Как хорошо, что больше дома никого нет. Бандиты в Башне, богема тоже где-то шляется по своим богемным делам. Или плохо? Иногда бывает так, что начинаешь с кем-то говорить, и экзистенциальный ужас отступает. А иногда бывает и наоборот: говоришь с кем-нибудь, а тело скручивает изнутри непонятная боль, к которой если присмотреться - и не боль вовсе, так, непонятное что-то, чистой паники там приблизительно девяносто пять процентов.
А тут еще небо такое странное. Прямо перед глазами, на северо-востоке - чистое, голубое, вроде бы довольно радующая погода, а выше, у края окна - почему-то бурое. Там висит непонятная пыль, невероятный для северных краёв хамсин, ветер несуществующей пустыни. Говорят - это, мол, оттого, что всю зиму посыпали мостовые песком, а теперь ветра его раздули. Что, если подумать, чистейшее враньё. Во-первых, нет там никакого ветра, а не то воздуха в форточку проникло бы побольше. Во-вторых, в ту краткую неделю, когда был серьёзный снег, посыпали крупной солью, а не мелким песком. А это даже и не песок, плавали-знаем, видели уже песчаные бури, когда настоящий песок вихрился на асфальте клубами. Тут всё наоборот: пыль летит откуда-то сверху, тонким спокойным слоем ложится сверху на автомобили, как пепел из машиного сна.
Нельзя жить в такую погоду, и вообще жить трудно.
И тут как раз - то ли удачно, то ли неудачно - звонят в домофон.
- Это я, - говорят снизу голосом Богдана, - Машка до тебя еще не дошла?
- Не-а, - мрачно отвечает Лиза, - но ты заходи.
Вот и проверим, поможет или усугубит.
Богдан несет с собой большой бубен в чехле, пакет кофейных зерен и почему-то коробку фиников.
- Финики! - сообщает он, - дар небес, а не преисподней. Кофеёчку сваришь? Что-то ты какая-то унылая.
- У меня экзистенциальный ужас, - признаётся Лиза, - я бы лучше полежала.
- Ладно, лежи, - безмятежно соглашается Богдан, - сам сварю. Тебе как - с молоком?
Лиза кивает и уползает обратно на диван. И начинает там заниматься вычитанной когда-то и неоднократно испытанной дыхательной гимнастикой. Персонаж в книге, конечно, быстрее от неё переставал паниковать, но на то он и персонаж. А мы люди простые, мясные, поэтому приходится трудиться.
Кажется, проходит вечность вдохов и выдохов, еще бы воздух был похож на смесь азота с кислородом, а не ужаса с песком, эффективнее вышло бы - и тут Богдан приносит кофе.

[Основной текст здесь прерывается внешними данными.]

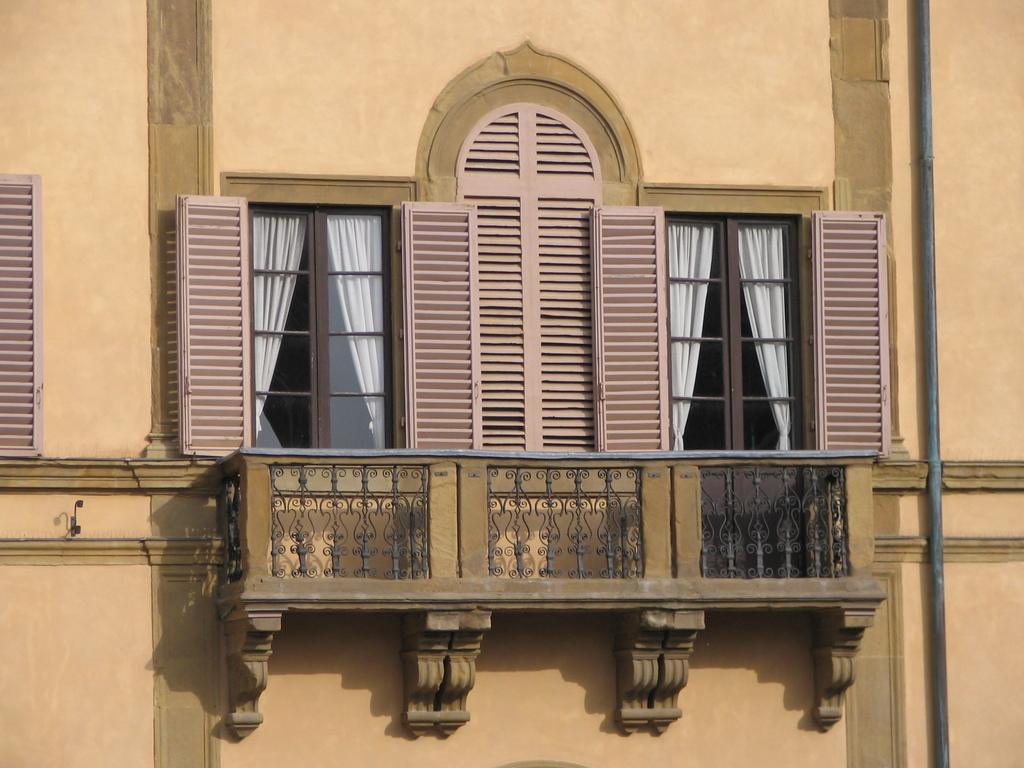Could you give a brief overview of what you see in this image? In this picture I can see there is railing and there are windows, they have curtains and there is a pipeline here at right side. 
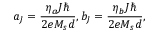<formula> <loc_0><loc_0><loc_500><loc_500>a _ { J } = \frac { \eta _ { a } J } { 2 e M _ { s } d } , b _ { J } = \frac { \eta _ { b } J } { 2 e M _ { s } d } ,</formula>

- Эй, - оживляется Лиза, пригубив, - я думала, это будет кофе с молоком, а не кофе на молоке! И что там у тебя - бадьян?
- Бадьян, кардамон, сагандайля, - загибает пальцы Богдан, - мускатный цвет и шафран. Это я удачно в "Гималаи" зашел. И молоко, кстати, топлёное. И, кстати, у тебя-то что болит?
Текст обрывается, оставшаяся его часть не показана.